And we are, by nature, historical critters. Sometimes in, say, the classical education movement, maybe within philosophy, we sort of forget that. That we think philosophers often think of history as having agency. It's sort of a force. And rightly, they also think of history in terms of a concept. Like being in nature, it's a concept of unity. It's how we get our minds around the past, the present, and the future, or the community of the dead, the living, and the yet to be born. But I think the most important thing here, and what we're emphasizing in History 250, is that history is our shared story, that we have a shared existence. And mysteriously, remarkably, wonderfully, meaningfully, we share a life with the dead and the yet to be born.
Sanford: Thank you for that.
It was a short question, but not an easy question to answer. What is history? And Hegel has a particular way of thinking about history, as he has that emergence of the spirit.
Christians have a way of thinking about history that's tied to salvation history, really rooted in the Jewish experience. That's different than what we find within the Roman understanding, of establishing a republic forever, for all times. That's right. And the Greek understanding of history was different from both of those. And yet we look to Jerusalem, we look to Athens, we look to Rome for our shared history.
And how do those three cities come to be embodied in the narrative unity that is our shared history as Americans?
Zwerneman: I think one way to answer that question is to recognize that those are our three principal sources of culture. And culture is the collection of what we know and love.
But the body of knowledge and love has to be recollected. So almost by definition, culture is historical. We think about St. Augustine's beautiful image of the mind. You've got understanding, love, and memory. But the memory collects the other two. And the memory, wonderfully, mysteriously, according to St. Augustine, is of infinite recess. So kind of akin to the way Socrates talked about, knowledge as recollection, St. Augustine would say that we can recall things that are eternal. So we who live in the temporal can recall things that are eternal. And it's part of that magnificent tradition where Aristotle would call the mind the noose, the divine, or the highest thing in us. And St. Augustine says the mind places it just below God.
So coming back to history, or coming back to Athens, Jerusalem, and Rome, who we are is not an abstraction. Who we are, you might say, is an existence. And existence requires time, place, and so forth. So what we call Western culture came together under the impulse of Latin Christianity was the convergence of Athens and Jerusalem in Rome. And we don't normally think of the Romans as humble. But they did. They recognized Greek philosophy as a better way of thinking. And they recognized Christianity as a better religion.
Sanford: After a while.
Zwerneman: After a while, yeah. It took some time. And it took something non-philosophical.

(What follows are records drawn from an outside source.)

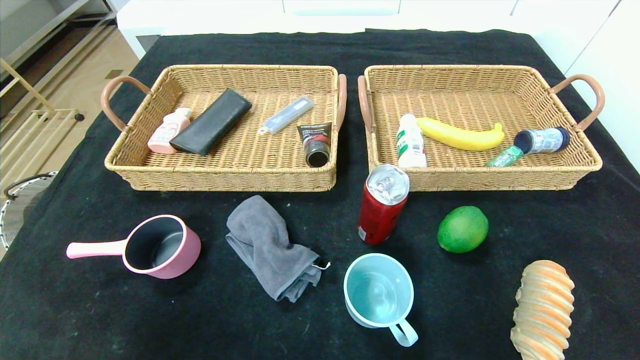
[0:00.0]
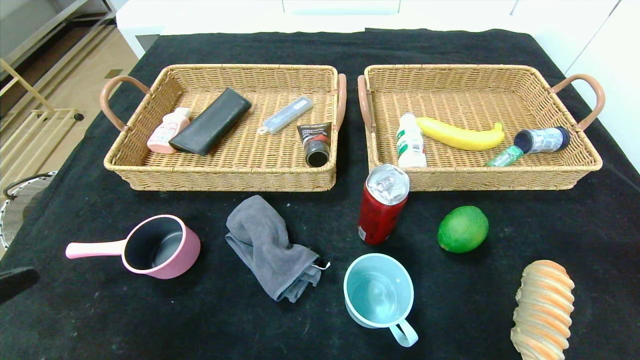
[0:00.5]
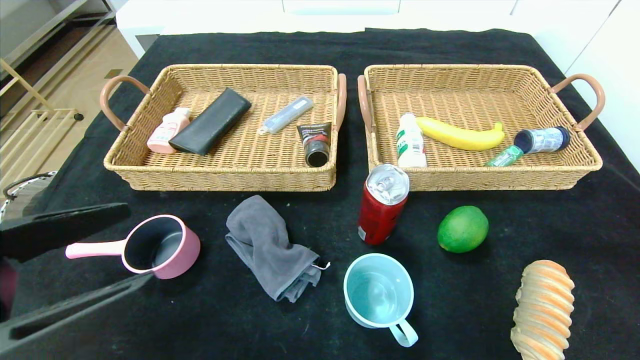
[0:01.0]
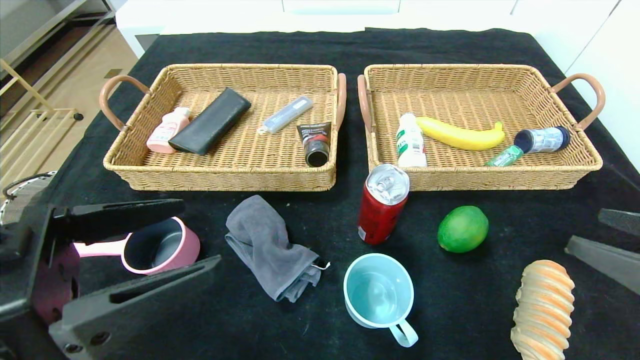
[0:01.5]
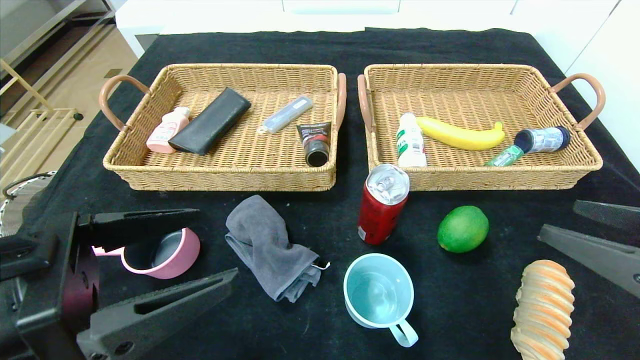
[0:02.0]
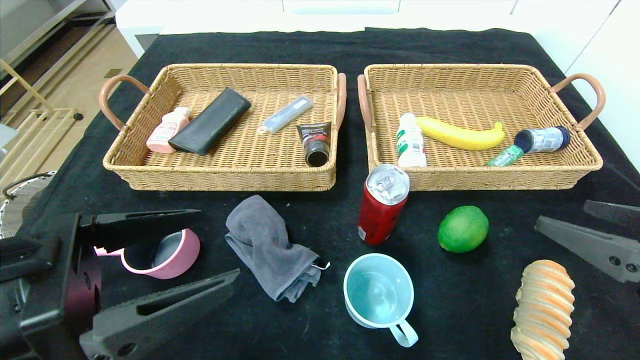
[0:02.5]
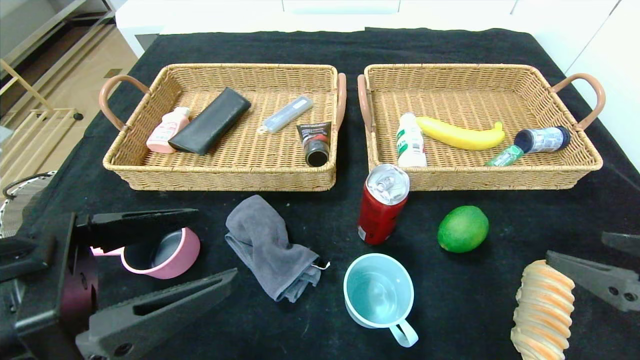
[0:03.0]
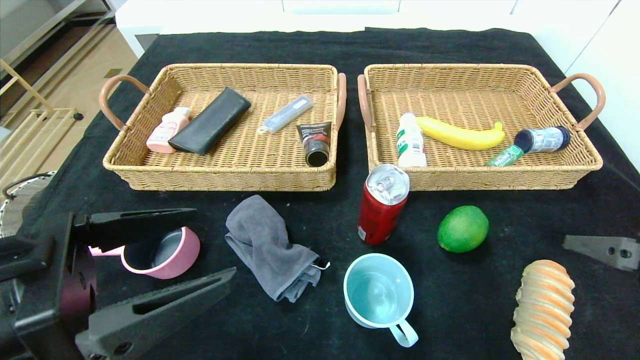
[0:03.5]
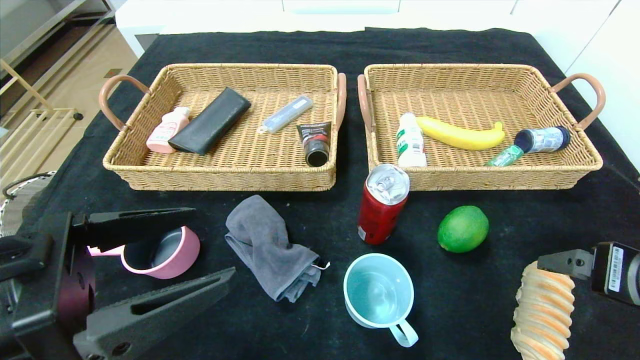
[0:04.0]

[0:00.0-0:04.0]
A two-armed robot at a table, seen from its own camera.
0:00.0 to 0:02.0: The right gripper shifts approximately 20 cm forward, upward and to the left; the left gripper is displaced forward, upward and to the right by roughly 20 cm.

In no small measure, it took the example of the Christians taking care of the poor.(...) The Christians who remembered-- Christ says, do this in memory of me, which is not just to celebrate the Eucharist. It's also to live under Christ and all the events of his life, his resurrection, and so forth. And the early Christians in Rome, in pagan Rome, who had very little money and no political power, organized themselves in an unprecedented way to take care of the pagan, Jewish, and Christian poor. And this was a huge example to the Romans. And a major impetus for people to convert to Christianity.

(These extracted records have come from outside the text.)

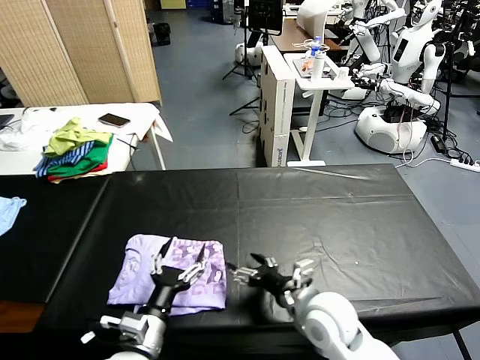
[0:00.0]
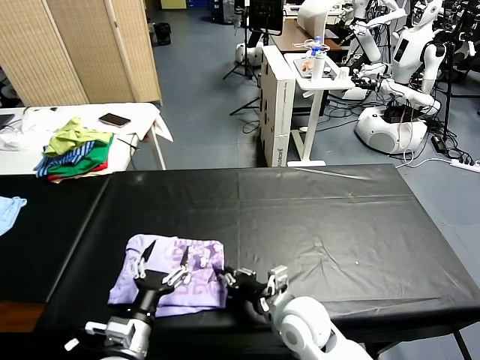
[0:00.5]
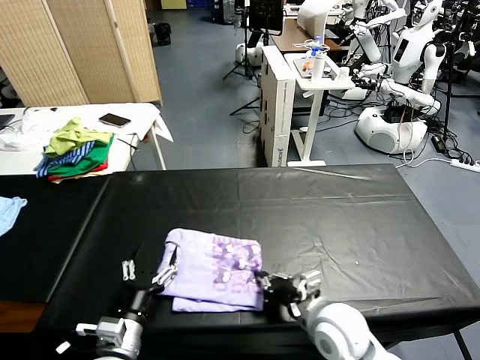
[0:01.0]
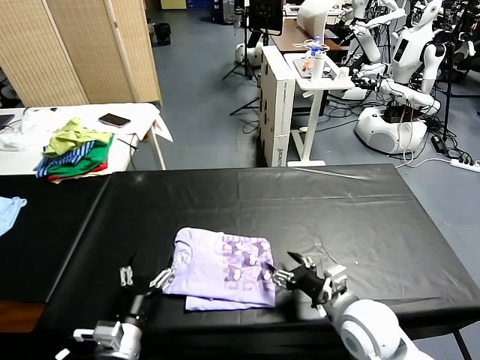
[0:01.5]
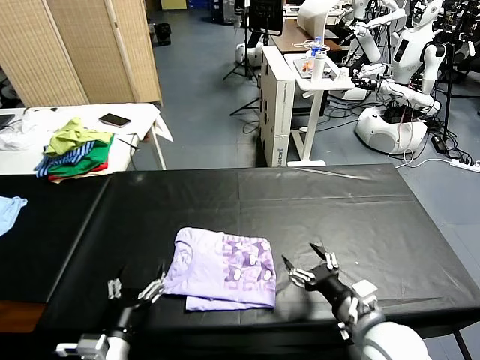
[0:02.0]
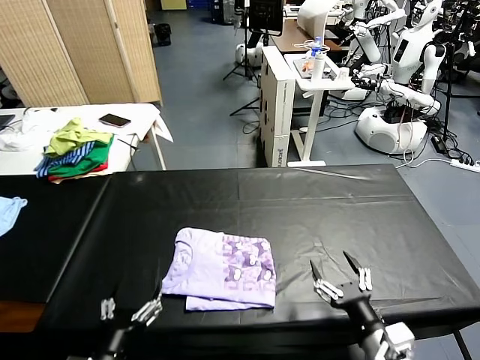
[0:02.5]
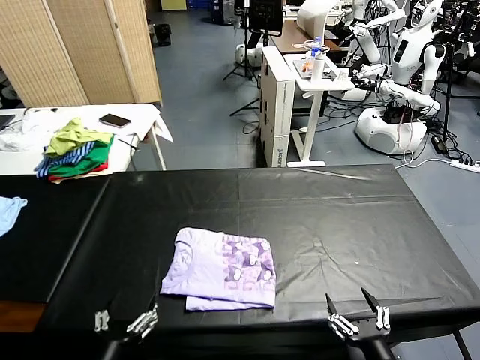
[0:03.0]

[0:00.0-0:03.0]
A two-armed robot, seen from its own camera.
Task of the whole recording: fold and organize the clothes.
Step, 0:00.5 to 0:01.5: Drag the clothes to the center of the table.
0:00.0 to 0:01.5: The right gripper moves to the right, approximately 5 cm, and closes, then opens again.
0:01.5 to 0:03.0: The left gripper is displaced backward by roughly 10 cm; the right gripper travels backward by roughly 15 cm.

And so right there is a great narrative of how we need to think about the transcendent in time. So the eternal God intervenes in time. He does this through the Exodus events. He does this through the incarnation. And the fundamental role that we have as humans is to respond to that. And the early Christians in pagan Rome did a great job. So when I say it came together under the impulse of Latin Christianity, it wasn't just, say, someone like St. Augustine who brought it together, faith-seeking, understanding, seeking faith. But it's also the example of Christians who remember Christ. And they live out their lives in that memory. That's pay dirt.
Sanford: Thank you. So America has long had citizens who have not come out of what was the latin West. And we have taken in citizens from all over the globe. And how is it that somebody coming from Africa or somebody coming from Asia can see themself in him or herself in this history that's so rooted in Athens, in Jerusalem, and Rome, and the distinctiveness of the American political structure?
Zwerneman: That's another tough question. And you put your finger on a point of debate. So some people would interpret America as a creedal nation. That is, to be an American, you have to believe, say, what the tenets are that are in play at the American founding. That's a pretty good position. That's a good way to interpret America. But what about people who don't think so much philosophically?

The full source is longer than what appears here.